Enfin, signée par les deux directeurs de ce collectif, Victor Piché et Céline Le Bourdais, la conclusion permet de revenir sur les éléments clés de ce qu’ils nomment la révolution démographique qu’a connue le Québec au 20e siècle. Cela conduit à relever quatre enjeux majeurs qui caractériseront le 21e et qui devraient se retrouver au centre des débats sur les questions démographiques dans les années à venir : décroissance de la population, remise en question des acquis sociaux et du rôle de l’État, développements technologiques en matière de reproduction et, enfin, gestion de l’immigration et de la diversité qui en découle. En somme, bien du boulot en perspective pour les chercheurs qui s’intéressent aux questions démographiques.

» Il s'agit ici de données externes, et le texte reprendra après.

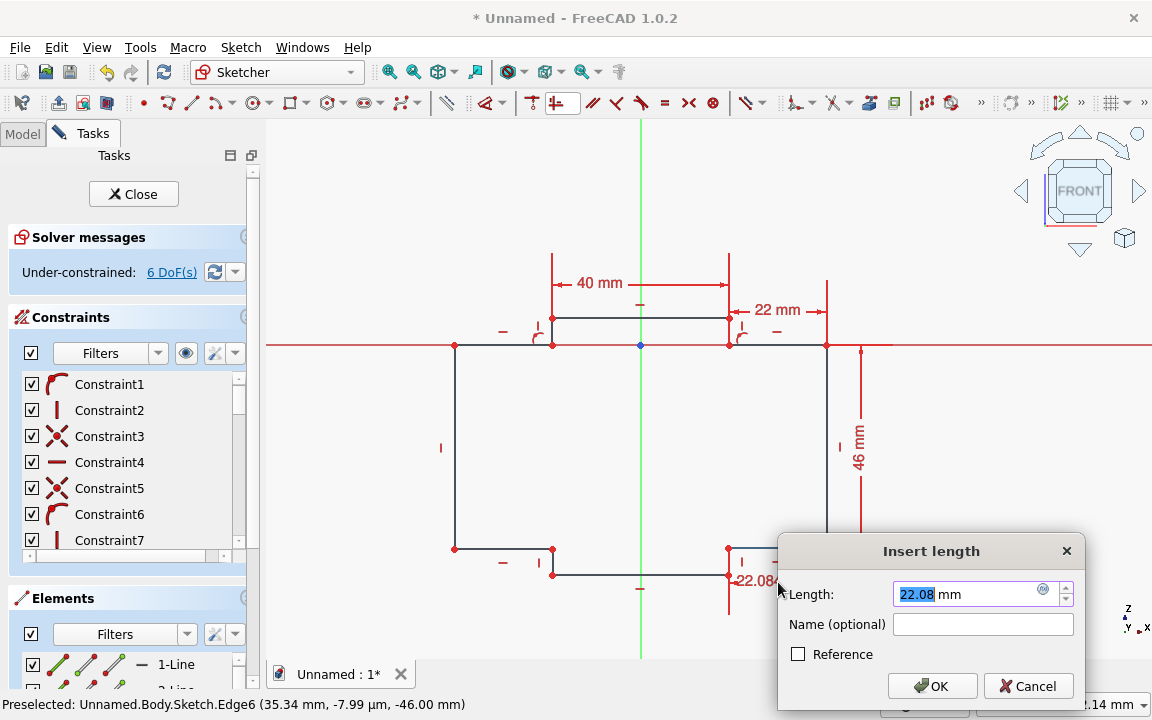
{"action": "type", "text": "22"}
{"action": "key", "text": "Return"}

Il ne fait aucun doute que cet ouvrage comble un vide important puisque la dernière synthèse relativement complète portant sur ce thème remonte à 1983, année où le Bureau de la statistique du Québec avait produit un ouvrage collectif, également fort intéressant, intitulé Démographie québécoise : passé, présent, perspectives. Plusieurs études ont été publiées depuis, ces vingt dernières années, et nos connaissances sur la population québécoise ont grandement avancé. Ce nouveau collectif qu’est La démographie québécoise. Enjeux du XXIe siècle est un ouvrage fouillé et fort bien documenté comprenant des tableaux et des figures qui complètent adéquatement les commentaires. Il s’agit d’un ouvrage de référence incontournable pour quiconque s’intéresse aux questions de population au Québec.